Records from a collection
BEGIN
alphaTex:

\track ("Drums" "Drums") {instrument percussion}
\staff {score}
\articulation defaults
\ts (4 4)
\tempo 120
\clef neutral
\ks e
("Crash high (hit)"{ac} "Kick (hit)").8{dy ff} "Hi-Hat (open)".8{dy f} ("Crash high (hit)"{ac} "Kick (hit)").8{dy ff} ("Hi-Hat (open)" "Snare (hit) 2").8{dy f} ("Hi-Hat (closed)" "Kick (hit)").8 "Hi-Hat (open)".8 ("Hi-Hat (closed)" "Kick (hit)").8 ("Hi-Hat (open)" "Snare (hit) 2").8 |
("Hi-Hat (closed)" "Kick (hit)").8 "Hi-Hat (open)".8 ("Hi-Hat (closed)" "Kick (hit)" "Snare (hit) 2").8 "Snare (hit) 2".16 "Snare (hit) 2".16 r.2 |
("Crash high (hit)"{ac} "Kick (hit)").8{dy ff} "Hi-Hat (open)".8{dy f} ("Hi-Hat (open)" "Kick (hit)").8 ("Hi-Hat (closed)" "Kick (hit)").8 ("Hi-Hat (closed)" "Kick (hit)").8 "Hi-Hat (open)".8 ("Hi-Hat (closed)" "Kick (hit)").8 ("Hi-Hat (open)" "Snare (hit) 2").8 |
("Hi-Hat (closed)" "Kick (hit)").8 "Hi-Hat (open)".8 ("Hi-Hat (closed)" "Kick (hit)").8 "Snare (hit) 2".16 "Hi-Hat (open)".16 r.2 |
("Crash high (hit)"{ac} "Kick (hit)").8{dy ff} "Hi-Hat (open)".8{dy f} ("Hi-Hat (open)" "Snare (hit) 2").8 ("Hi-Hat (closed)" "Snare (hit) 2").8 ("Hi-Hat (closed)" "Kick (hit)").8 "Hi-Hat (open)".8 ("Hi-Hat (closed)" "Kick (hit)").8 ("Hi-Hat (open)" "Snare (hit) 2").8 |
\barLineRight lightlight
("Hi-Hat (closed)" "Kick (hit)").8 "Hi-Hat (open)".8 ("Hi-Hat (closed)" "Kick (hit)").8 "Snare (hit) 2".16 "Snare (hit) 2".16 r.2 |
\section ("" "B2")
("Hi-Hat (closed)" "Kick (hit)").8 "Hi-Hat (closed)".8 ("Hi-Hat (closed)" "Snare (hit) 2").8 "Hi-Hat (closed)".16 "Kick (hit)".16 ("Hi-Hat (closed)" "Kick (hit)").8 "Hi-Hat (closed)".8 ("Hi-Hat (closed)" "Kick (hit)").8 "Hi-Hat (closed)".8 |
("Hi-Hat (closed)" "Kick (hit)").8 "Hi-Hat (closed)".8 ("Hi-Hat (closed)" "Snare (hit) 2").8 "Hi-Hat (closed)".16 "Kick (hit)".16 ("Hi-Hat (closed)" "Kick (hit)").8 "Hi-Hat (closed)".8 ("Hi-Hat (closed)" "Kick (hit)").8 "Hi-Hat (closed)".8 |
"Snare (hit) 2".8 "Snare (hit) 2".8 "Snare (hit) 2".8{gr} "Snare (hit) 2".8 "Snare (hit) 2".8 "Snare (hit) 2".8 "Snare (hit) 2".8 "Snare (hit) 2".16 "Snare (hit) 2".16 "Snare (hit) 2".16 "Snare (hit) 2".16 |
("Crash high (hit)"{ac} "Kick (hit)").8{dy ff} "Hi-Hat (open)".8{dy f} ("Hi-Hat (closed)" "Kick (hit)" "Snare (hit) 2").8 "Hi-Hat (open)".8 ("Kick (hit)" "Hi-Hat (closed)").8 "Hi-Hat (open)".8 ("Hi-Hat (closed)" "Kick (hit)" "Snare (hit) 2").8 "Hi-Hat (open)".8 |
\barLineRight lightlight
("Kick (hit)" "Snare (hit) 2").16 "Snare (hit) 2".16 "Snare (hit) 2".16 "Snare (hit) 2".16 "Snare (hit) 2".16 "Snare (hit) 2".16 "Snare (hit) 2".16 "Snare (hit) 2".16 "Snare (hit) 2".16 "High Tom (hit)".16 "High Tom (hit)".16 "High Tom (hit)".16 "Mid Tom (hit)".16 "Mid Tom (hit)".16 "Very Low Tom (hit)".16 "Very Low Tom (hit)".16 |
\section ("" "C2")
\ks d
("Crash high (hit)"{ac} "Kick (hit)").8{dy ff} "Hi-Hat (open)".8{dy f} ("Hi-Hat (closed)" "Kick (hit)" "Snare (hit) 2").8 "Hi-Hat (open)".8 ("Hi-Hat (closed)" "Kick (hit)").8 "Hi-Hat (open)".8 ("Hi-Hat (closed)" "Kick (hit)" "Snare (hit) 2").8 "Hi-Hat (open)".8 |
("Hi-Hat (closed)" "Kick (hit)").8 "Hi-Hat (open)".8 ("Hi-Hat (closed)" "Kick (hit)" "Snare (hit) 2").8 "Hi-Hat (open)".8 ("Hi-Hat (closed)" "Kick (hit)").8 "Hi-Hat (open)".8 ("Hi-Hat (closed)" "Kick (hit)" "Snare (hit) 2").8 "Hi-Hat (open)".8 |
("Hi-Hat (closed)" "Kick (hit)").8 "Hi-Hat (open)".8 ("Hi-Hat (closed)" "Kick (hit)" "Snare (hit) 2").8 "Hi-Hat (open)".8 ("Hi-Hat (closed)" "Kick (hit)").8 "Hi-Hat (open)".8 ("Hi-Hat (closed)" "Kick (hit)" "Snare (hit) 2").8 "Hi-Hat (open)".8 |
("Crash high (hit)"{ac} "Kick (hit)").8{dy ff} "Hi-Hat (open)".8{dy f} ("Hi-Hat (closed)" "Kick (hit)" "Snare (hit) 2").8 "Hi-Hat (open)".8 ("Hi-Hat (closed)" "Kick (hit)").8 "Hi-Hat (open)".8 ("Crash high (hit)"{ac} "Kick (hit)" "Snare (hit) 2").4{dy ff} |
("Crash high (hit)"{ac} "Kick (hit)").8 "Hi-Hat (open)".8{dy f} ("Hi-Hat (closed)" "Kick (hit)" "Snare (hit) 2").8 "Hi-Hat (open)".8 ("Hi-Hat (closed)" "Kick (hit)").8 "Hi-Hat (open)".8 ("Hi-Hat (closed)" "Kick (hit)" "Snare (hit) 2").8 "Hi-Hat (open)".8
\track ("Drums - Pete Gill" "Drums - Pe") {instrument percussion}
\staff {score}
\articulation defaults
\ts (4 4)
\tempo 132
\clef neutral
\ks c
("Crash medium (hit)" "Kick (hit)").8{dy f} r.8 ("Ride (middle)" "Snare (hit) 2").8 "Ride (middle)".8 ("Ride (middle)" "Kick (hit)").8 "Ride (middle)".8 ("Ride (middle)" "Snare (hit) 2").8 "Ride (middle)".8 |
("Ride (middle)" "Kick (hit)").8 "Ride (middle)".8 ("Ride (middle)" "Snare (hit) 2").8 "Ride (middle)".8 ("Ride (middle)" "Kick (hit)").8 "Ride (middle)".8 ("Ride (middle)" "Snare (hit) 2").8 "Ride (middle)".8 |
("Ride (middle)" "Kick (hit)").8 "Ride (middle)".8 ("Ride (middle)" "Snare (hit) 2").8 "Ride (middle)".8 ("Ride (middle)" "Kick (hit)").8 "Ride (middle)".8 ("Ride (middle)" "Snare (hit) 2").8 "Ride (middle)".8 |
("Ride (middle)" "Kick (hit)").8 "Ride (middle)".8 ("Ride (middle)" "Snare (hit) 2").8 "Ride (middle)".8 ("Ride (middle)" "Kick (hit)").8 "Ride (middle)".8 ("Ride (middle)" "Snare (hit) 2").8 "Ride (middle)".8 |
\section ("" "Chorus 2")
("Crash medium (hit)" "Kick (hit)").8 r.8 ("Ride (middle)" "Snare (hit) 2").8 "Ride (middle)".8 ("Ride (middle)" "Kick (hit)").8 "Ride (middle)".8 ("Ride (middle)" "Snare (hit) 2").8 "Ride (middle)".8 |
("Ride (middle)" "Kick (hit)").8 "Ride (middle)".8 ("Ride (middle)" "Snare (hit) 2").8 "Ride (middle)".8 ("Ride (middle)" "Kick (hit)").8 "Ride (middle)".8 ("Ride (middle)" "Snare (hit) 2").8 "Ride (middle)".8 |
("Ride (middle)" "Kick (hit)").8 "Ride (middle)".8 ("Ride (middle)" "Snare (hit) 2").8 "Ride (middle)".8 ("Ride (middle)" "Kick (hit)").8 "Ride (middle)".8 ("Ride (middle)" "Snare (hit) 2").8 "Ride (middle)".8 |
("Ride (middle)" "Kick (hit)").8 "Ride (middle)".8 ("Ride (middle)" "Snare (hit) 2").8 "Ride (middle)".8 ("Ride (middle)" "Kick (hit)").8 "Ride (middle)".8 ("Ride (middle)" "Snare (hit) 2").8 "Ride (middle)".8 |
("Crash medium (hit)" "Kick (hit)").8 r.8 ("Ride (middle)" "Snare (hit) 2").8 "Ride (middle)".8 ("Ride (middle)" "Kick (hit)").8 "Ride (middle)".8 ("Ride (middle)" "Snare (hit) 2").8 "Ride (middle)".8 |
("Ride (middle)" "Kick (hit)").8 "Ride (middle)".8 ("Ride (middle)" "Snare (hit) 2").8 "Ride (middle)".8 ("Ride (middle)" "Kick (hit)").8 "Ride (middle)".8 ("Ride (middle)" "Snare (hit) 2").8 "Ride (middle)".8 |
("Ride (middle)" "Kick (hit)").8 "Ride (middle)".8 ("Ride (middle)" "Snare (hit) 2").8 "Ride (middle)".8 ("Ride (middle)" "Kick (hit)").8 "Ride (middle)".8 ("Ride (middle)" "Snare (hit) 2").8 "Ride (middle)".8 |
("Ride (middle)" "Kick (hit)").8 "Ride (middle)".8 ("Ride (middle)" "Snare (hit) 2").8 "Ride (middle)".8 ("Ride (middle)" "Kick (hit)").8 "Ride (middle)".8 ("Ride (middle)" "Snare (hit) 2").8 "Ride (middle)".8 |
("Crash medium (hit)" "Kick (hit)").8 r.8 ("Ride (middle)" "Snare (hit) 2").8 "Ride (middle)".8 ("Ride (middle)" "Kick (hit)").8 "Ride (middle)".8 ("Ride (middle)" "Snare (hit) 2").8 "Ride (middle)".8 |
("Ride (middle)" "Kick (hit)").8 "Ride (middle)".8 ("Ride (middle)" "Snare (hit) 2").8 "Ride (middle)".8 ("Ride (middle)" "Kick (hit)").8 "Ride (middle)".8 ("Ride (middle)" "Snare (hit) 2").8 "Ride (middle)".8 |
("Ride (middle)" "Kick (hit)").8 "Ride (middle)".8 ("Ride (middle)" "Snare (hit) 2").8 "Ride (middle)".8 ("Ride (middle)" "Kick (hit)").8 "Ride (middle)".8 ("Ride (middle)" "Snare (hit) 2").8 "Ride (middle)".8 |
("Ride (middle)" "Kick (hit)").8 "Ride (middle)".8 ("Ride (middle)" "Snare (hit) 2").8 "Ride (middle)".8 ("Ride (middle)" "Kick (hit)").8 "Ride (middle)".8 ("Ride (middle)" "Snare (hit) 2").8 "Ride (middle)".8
END
- [WHAT TO DO]
Match on "section" and report each line of the data above that has it.

- [OUTPUT OF THE EXERCISE]
\section ("" "B2")
\section ("" "C2")
\section ("" "Chorus 2")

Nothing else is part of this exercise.